:: DIRECTIONS FOR THIS TASK ::
The copy has to match the data exactly and leave out every picture.

Extracted data entries
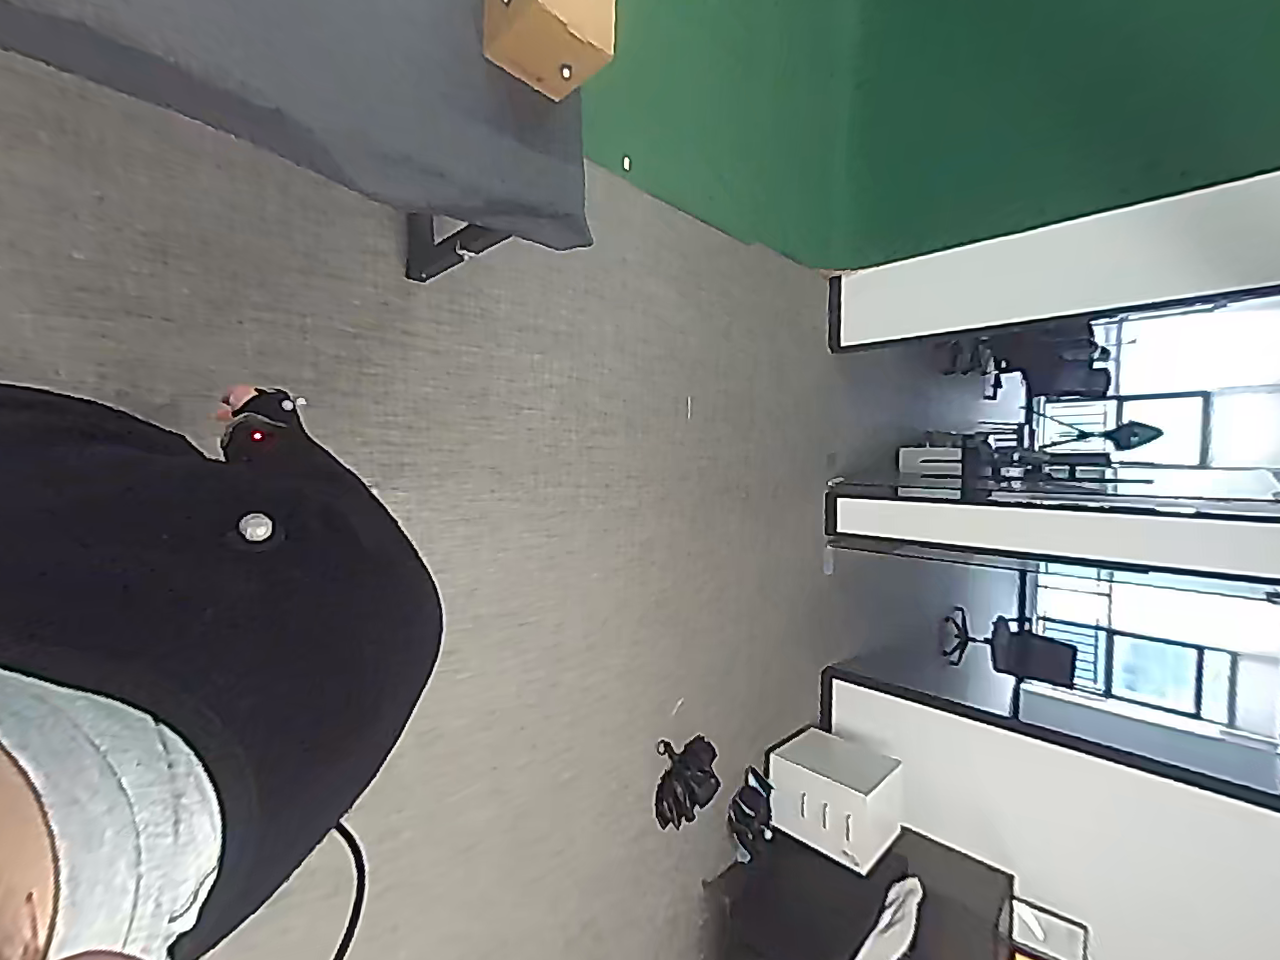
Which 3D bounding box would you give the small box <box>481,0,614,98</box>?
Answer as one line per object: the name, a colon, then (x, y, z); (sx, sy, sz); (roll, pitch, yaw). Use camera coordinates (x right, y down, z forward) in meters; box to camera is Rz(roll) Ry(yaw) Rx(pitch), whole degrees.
small box: (-0.162, -0.820, 0.941); (0.168, 0.176, 0.179); (0, 90, -46)
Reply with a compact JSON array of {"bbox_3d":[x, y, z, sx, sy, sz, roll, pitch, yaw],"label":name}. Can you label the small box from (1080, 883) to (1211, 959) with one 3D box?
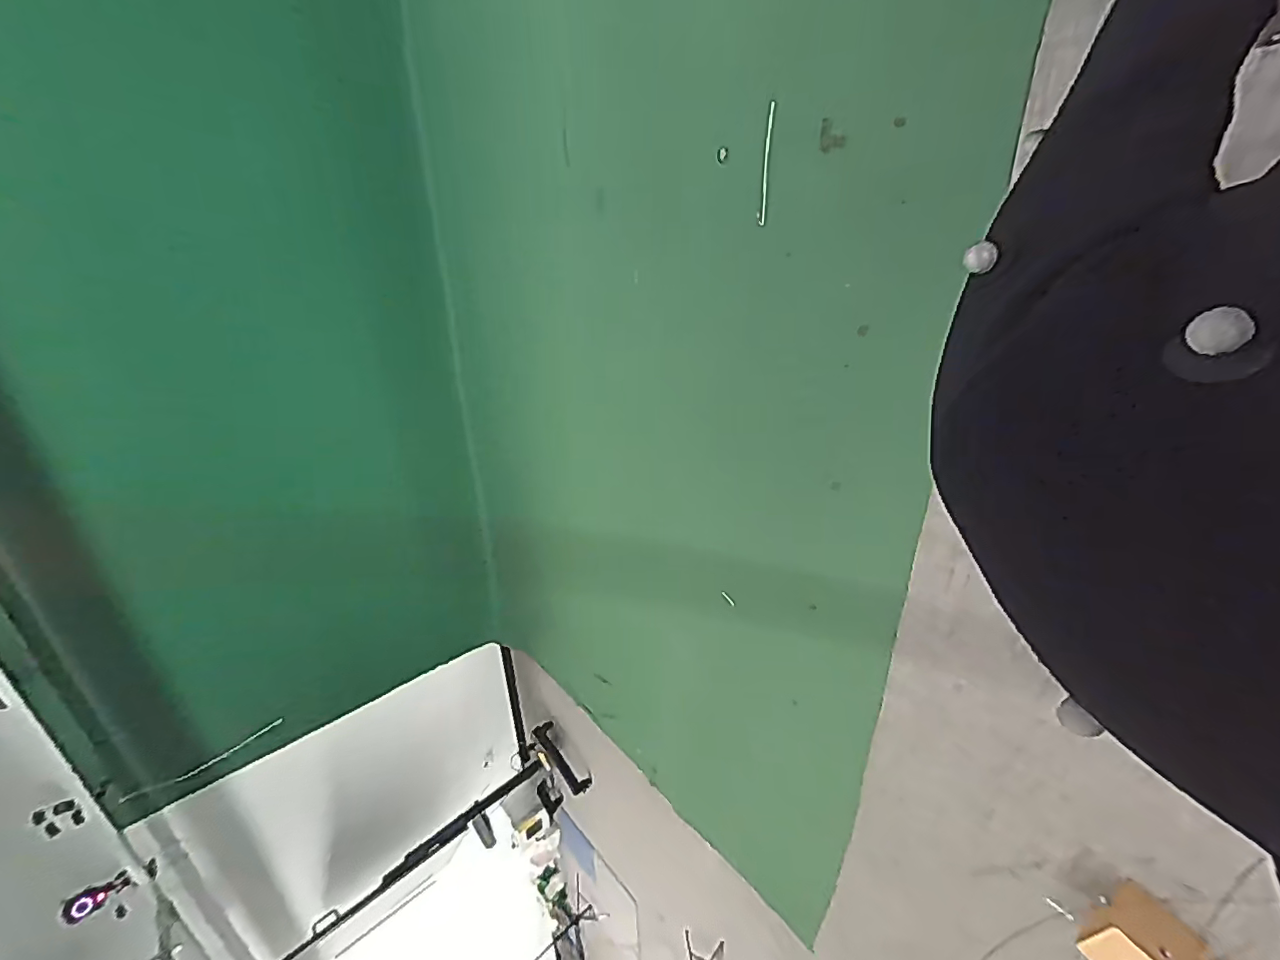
[{"bbox_3d":[1.283,1.185,1.370,0.179,0.176,0.168,40,135,35],"label":"small box"}]

:: RESPONSE ::
Which 3D bounding box would you give the small box <box>481,0,614,98</box>?
Answer as one line per object: the name, a colon, then (x, y, z); (sx, sy, sz); (roll, pitch, yaw). Use camera coordinates (x right, y down, z forward) in meters; box to camera is Rz(roll) Ry(yaw) Rx(pitch), whole degrees.
small box: (-0.162, -0.820, 0.941); (0.168, 0.176, 0.179); (0, 90, -46)
Reply with a compact JSON array of {"bbox_3d":[x, y, z, sx, sy, sz, roll, pitch, yaw],"label":name}. Can you label the small box from (1080, 883) to (1211, 959) with one 3D box?
[{"bbox_3d":[1.283,1.185,1.370,0.179,0.176,0.168,40,135,35],"label":"small box"}]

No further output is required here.